Bundeskriminalamt (BKA)

Interview: "Eine Kultur des Hinschauens"

BKA-Präsident Holger Münch im Gespräch mit der taz.die tageszeitung

taz: Herr Münch, das BKA ermittelt gerade im Fall des rechtsterrorverdächtigen Bundeswehrsoldaten Franco A., der sich als syrischer Flüchtling registrieren ließ. Sie sind 39 Jahre im Polizeidienst: Ist Ihnen so etwas schon mal untergekommen?

Münch: Nein. Wir lernen immer wieder: Nichts ist unmöglich. Gerade erst hatten wir den Anschlag auf den Mannschaftsbus von Borussia Dortmund und jetzt dieser Fall. Die große Herausforderung ist, sich auf das Unvorstellbare einzustellen.

taz: Was heißt das?

Münch: Wir müssen offen an solche Fälle herangehen und zunächst in alle Richtungen ermitteln. Im Fall Franco A. steht im Augenblick der Vorwurf im Raum, dass Anschläge durchgeführt und diese Flüchtlingen zugeschrieben werden sollten. Aber die Ermittlungen laufen noch und wir müssen deren Ergebnisse abwarten.

taz: Ermittelt wird inzwischen gegen drei Verdächtige, seit Dienstag sitzt ein zweiter Soldat in Untersuchungshaft – reden wir jetzt über ein rechtsextremes Netzwerk in der Bundeswehr?

Münch: Von einem Netzwerk zu sprechen, ist zu früh. Das müssen die weiteren Ermittlungen zeigen.

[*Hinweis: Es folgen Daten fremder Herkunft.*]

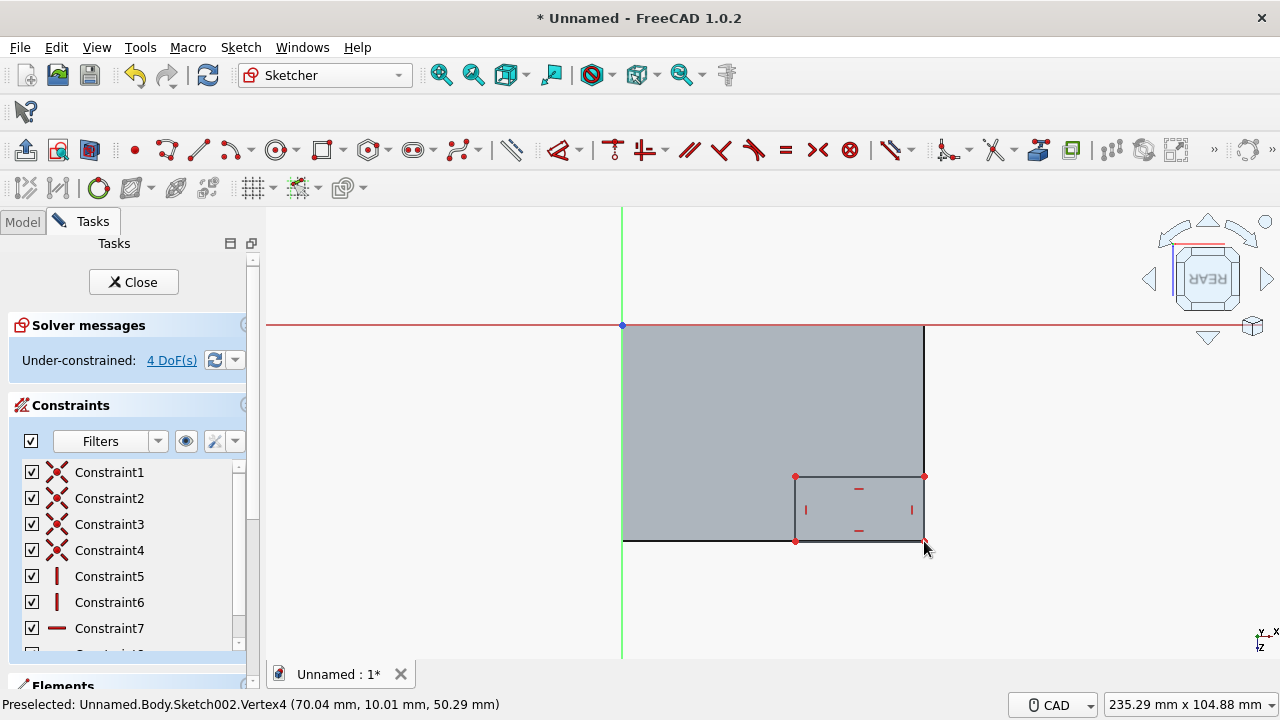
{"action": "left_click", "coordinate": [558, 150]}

Richtig finde ich allerdings, genau hinzuschauen, ob es rechtes Gedankengut gibt, sei es in der Bundeswehr, in der Polizei oder anderswo.

taz: Was meinen Sie damit?

Münch: Auch wir schauen immer wieder, ob wir mit solchen Phänomenen sensibel genug umgehen und ob wir Verdachtsfälle erkennen. Für uns ist wichtig, in der Polizei eine Kultur des Hinschauens zu haben, nicht eine des Wegschauens.

taz: Erwischt wurde Franco A. nur durch einen Zufall von der österreichischen Polizei. Warum ist die deutsche Polizei dem Mann nicht auf die Schliche gekommen?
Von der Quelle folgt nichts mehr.